Он сильно постарел, весь как-то обвис, одежонка жалкая, обтёрханная. Думал, что рванётся бежать, но тот не двинулся, через секунды робко растроганно заулыбался, кивнул, здороваясь. Иван тоже кивнул и поманил его к себе. Камчатка торопливо подбежал, уже совершенно растроганный и растерянный, со слезами в глазах, явно радуясь, что видит его, и не зная, что делать, как вести себя: не обняться ли? Уже и руки приподнял. У Ивана в душе тоже шевельнулось что-то тёплое и приятное при виде такой родной фигуры и лица, а потом и жалко стало его очень: до чего сник, отощал, обнищал, мешки под глазами в синих прожилках и трясутся. Показал, чтобы встал рядом. Повернулись к воде. Иван вспомнил, зачем посылал за ним, и безумная ярость пронзила, прожгла до кончиков пальцев, до бровей, до пяток, и чтобы не схватить, не прибить его тут же на мосту, на глазах многочисленного народа, он железно ухватился за перила, склонился, уставясь на медленно текущую, играющую солнечными бликами воду, но не видел её, ничего не видел, с усилием выдавливая из себя, не поднимая головы, жёсткие, еле слышные слова:
– Давно в Москве?
– Пятый день.
– И напоролся на меня!
– Не напоролся. Ждал тебя тут.
– Ну! – не поверил Иван.
Камчатка явно понимал, что с ним сейчас происходит, боязливо съёжился, сгорбился и заторопился отвечать, высказаться:
– Ждал. Верь не верь! Совесть замучила.
– Со-о-о-весть! – совсем уж свирепо прошипел Иван.
– Да. Да. Ты ж искал меня. В прошлом годе.
– Понял?
– Понял.
– И понял почему?!
– Понял. Забоялся, что убьёшь, а уж было решился...
– А там сам, гад, не забоя-я-ял-ся?!
– Нет, нет на мне вины, Вань! – заголосил вдруг он, и люди стали на них оглядываться. – Христом Богом клянусь – нет! Седьмой год эту ношу, тебя боюсь и Бога! Сто раз хотел прийти и рассказать. Нет вины на мне, Вань! Не был я в той деревне, Вань, где они это... с Батюшкой-то! Вдвоём они туда ушли, я за пять вёрст был. Сам хотел убить их, да утекли. Ей-богу! Ей-богу, Вань! Ей-богу! Верь! Сам их искал...

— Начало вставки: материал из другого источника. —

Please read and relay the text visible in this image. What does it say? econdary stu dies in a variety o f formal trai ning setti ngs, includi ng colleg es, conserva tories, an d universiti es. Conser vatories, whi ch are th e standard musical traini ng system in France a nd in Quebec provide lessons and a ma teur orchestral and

Иван поднял глаза. Тот часто размашисто крестился и чуть не плакал и, кажется, не врал. Прежде он и не умел врать-то.
– Боялся, не поверишь! Сто раз собирался – боялся. Знал, что всё равно ведь посадишь, не хотелось в тюрьму. Но замучился, перед Батюшкой совестно, перед ним грешен, перед ним, понимаешь! Не могу больше – сажай! Убивай! Платить-то когда-никогда всё одно надо. Устал!.. Какой был-то, Вань! Сам себе я опостылел. Сажай!

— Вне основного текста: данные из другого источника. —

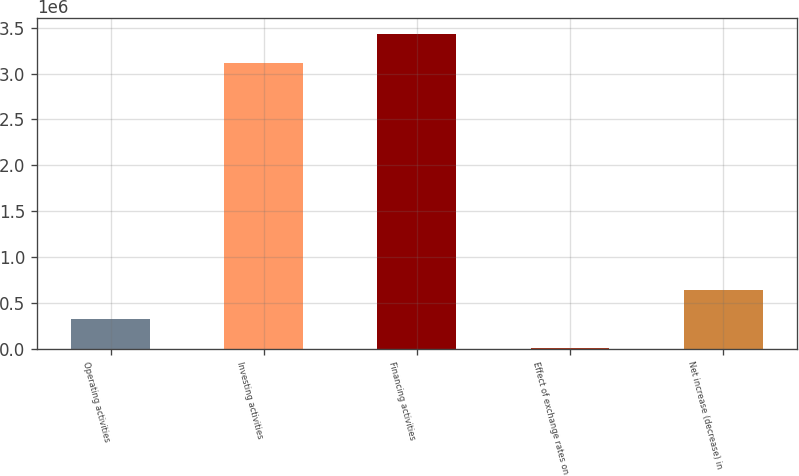<chart> <loc_0><loc_0><loc_500><loc_500><bar_chart><fcel>Operating activities<fcel>Investing activities<fcel>Financing activities<fcel>Effect of exchange rates on<fcel>Net increase (decrease) in<nl><fcel>320933<fcel>3.11134e+06<fcel>3.43037e+06<fcel>1900<fcel>639967<nl></chart> 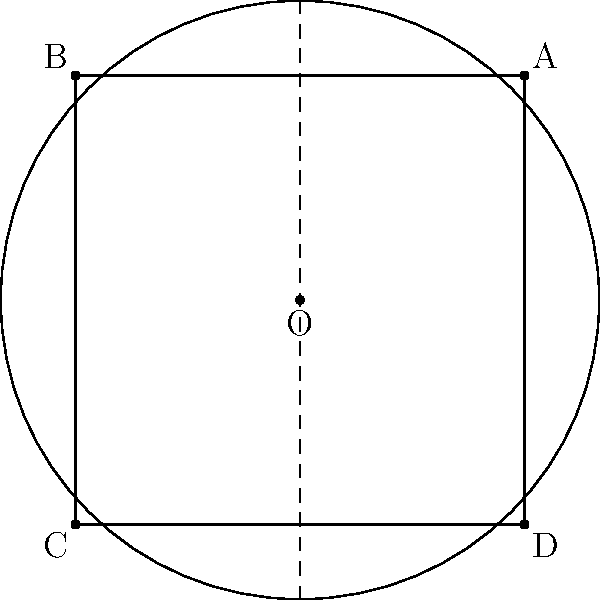In a hyperbolic concert venue modeled by the Poincaré disk model, sound waves travel along geodesics. If a speaker is placed at point A and the audience is seated along the line segment BC, what is the optimal placement of a sound-reflecting surface to ensure maximum coverage? Assume the reflecting surface is a geodesic arc. To solve this problem, we need to follow these steps:

1) In hyperbolic geometry, the concept of "perpendicular bisector" still exists, but it's different from Euclidean geometry.

2) The optimal placement for the reflecting surface would be along the perpendicular bisector of the angle ∠BOC, where O is the center of the Poincaré disk.

3) In the Poincaré disk model, geodesics are either diameters of the disk or arcs of circles that intersect the boundary circle at right angles.

4) The perpendicular bisector of ∠BOC will be the diameter EF, as shown in the diagram.

5) The reflecting surface should be placed along this diameter, specifically the segment OF.

6) This placement ensures that sound waves from A reflected off this surface will reach all points along BC.

7) In hyperbolic geometry, this reflecting surface acts like a parabolic mirror in Euclidean geometry, focusing parallel incoming waves to a single point (in this case, spreading waves from a point to a line).

8) This solution maximizes coverage because:
   a) It's equidistant from B and C in hyperbolic metric.
   b) It forms equal angles with OB and OC.
   c) Any other placement would favor one side over the other, reducing overall coverage.

9) In the context of sound engineering for concerts, this hyperbolic model can help in designing curved reflectors or acoustic panels to ensure even sound distribution in non-traditional venue shapes.
Answer: Along diameter EF, specifically segment OF

Такого Иван от него не ожидал.
Вблизи них уже останавливались, прислушивались, любопытствуя, что это за странная пара: плачущий оборванец и такой рыжеватый щёголь.
Повёл Камчатку к себе, продолжая спрашивать, и, выяснив, что тех двух больше нигде, ни в каких ватагах и шайках не встречал ни на Волге, ни в Москве, – тоже справлялся, искал в короткие набеги-то. Одного звали Курлап, а другого Шиш: он всё это слово повторял и показывал шиш. Рассказал и какого они обличья, и где с ними сошёлся, сколько был вместе, чем промышляли, и как они ушли на разведку в ту деревню, а он ждал их, ждал, пока не услышал, что случилось, и как, узнав, кто был в той церкви, чуть не лишился разума, и безумствовал, и пил года два до мрака душевного, ничего уже не соображая, не понимая, не желая. Наконец сказал ещё, что Курлап и Шиш эти говорили как-то, что они господские, а чьи именно и из каких мест, вроде не говорили.

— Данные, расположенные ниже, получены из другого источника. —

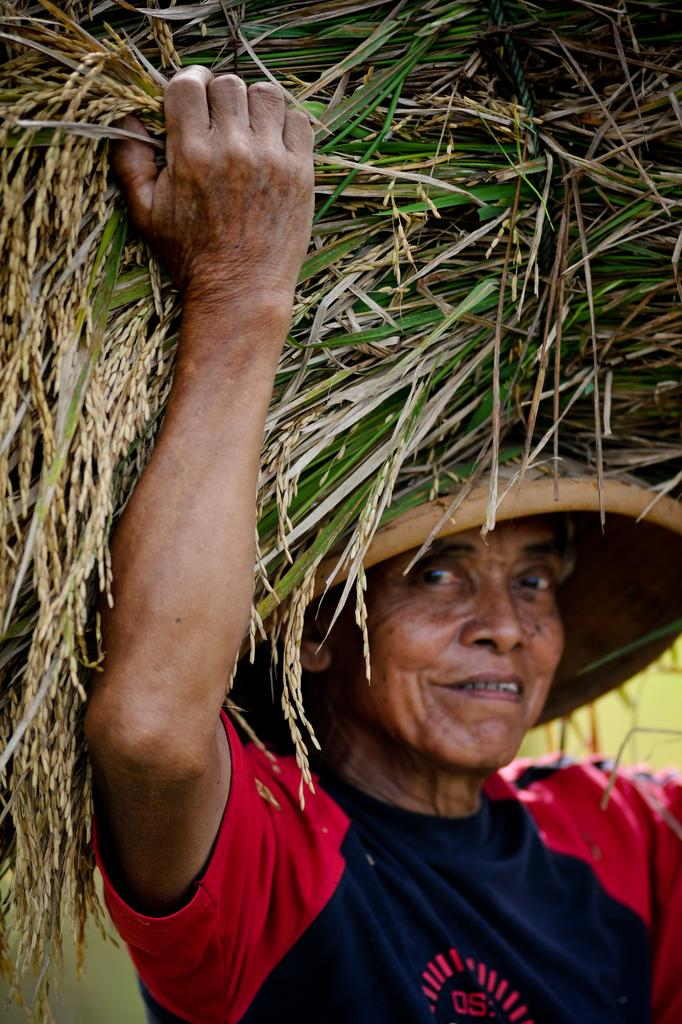What is present in the picture? There is a person in the picture. What is the person wearing? The person is wearing a red and black color T-shirt. What is the person doing in the picture? The person is carrying grass on their head. What type of yarn is the person using to hold the grass in the image? There is no yarn present in the image; the person is simply carrying grass on their head. 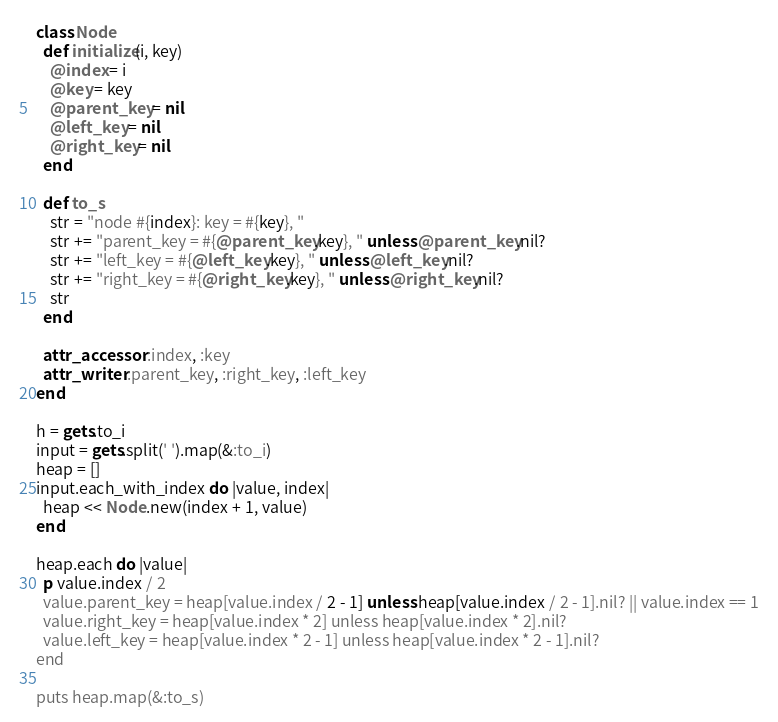<code> <loc_0><loc_0><loc_500><loc_500><_Ruby_>class Node
  def initialize(i, key)
    @index = i
    @key = key
    @parent_key = nil
    @left_key = nil
    @right_key = nil
  end

  def to_s
    str = "node #{index}: key = #{key}, "
    str += "parent_key = #{@parent_key.key}, " unless @parent_key.nil?
    str += "left_key = #{@left_key.key}, " unless @left_key.nil?
    str += "right_key = #{@right_key.key}, " unless @right_key.nil?
    str
  end

  attr_accessor :index, :key
  attr_writer :parent_key, :right_key, :left_key
end

h = gets.to_i
input = gets.split(' ').map(&:to_i)
heap = []
input.each_with_index do |value, index|
  heap << Node.new(index + 1, value)
end

heap.each do |value|
  p value.index / 2
  value.parent_key = heap[value.index / 2 - 1] unless heap[value.index / 2 - 1].nil? || value.index == 1
  value.right_key = heap[value.index * 2] unless heap[value.index * 2].nil?
  value.left_key = heap[value.index * 2 - 1] unless heap[value.index * 2 - 1].nil?
end

puts heap.map(&:to_s)


</code> 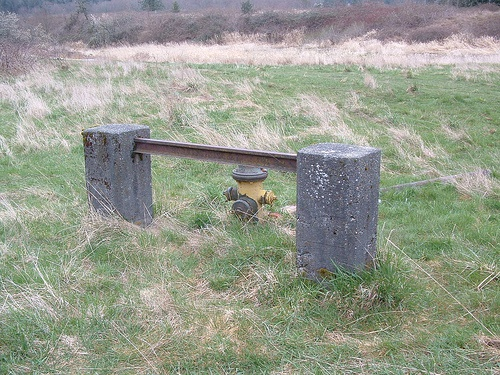Describe the objects in this image and their specific colors. I can see a fire hydrant in gray, darkgray, and tan tones in this image. 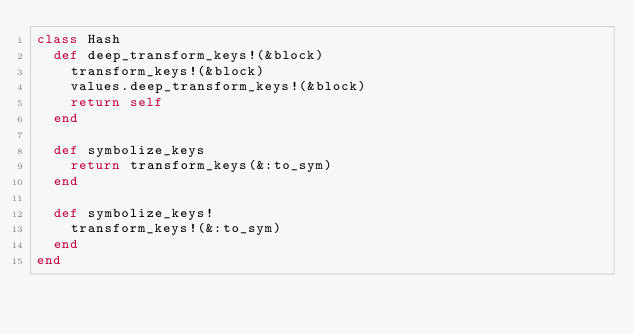<code> <loc_0><loc_0><loc_500><loc_500><_Ruby_>class Hash
  def deep_transform_keys!(&block)
    transform_keys!(&block)
    values.deep_transform_keys!(&block)
    return self
  end

  def symbolize_keys
    return transform_keys(&:to_sym)
  end

  def symbolize_keys!
    transform_keys!(&:to_sym)
  end
end
</code>

– Иконы-то не в Москву собирались сплавлять?
– В Москву. В Москву.
– А Калугу не поминали? Чего вдруг про Калугу спросил? Как кто подтолкнул.
– Было! Гы-ы! Было! Никогда не вспоминал, а ведь поминали они Калугу-то. Точно! Гы-ы! – вскинулся Камчатка.
– А Свинина? Господина своего Свинина не поминали?
– Свинин?.. Свинин... Вроде говорили... или не говорили – не помню. Ей-богу, не помню. Смутно... вроде говорили, а точно не помню. А про Калугу точно! Калужские, да! Вспомнил точно!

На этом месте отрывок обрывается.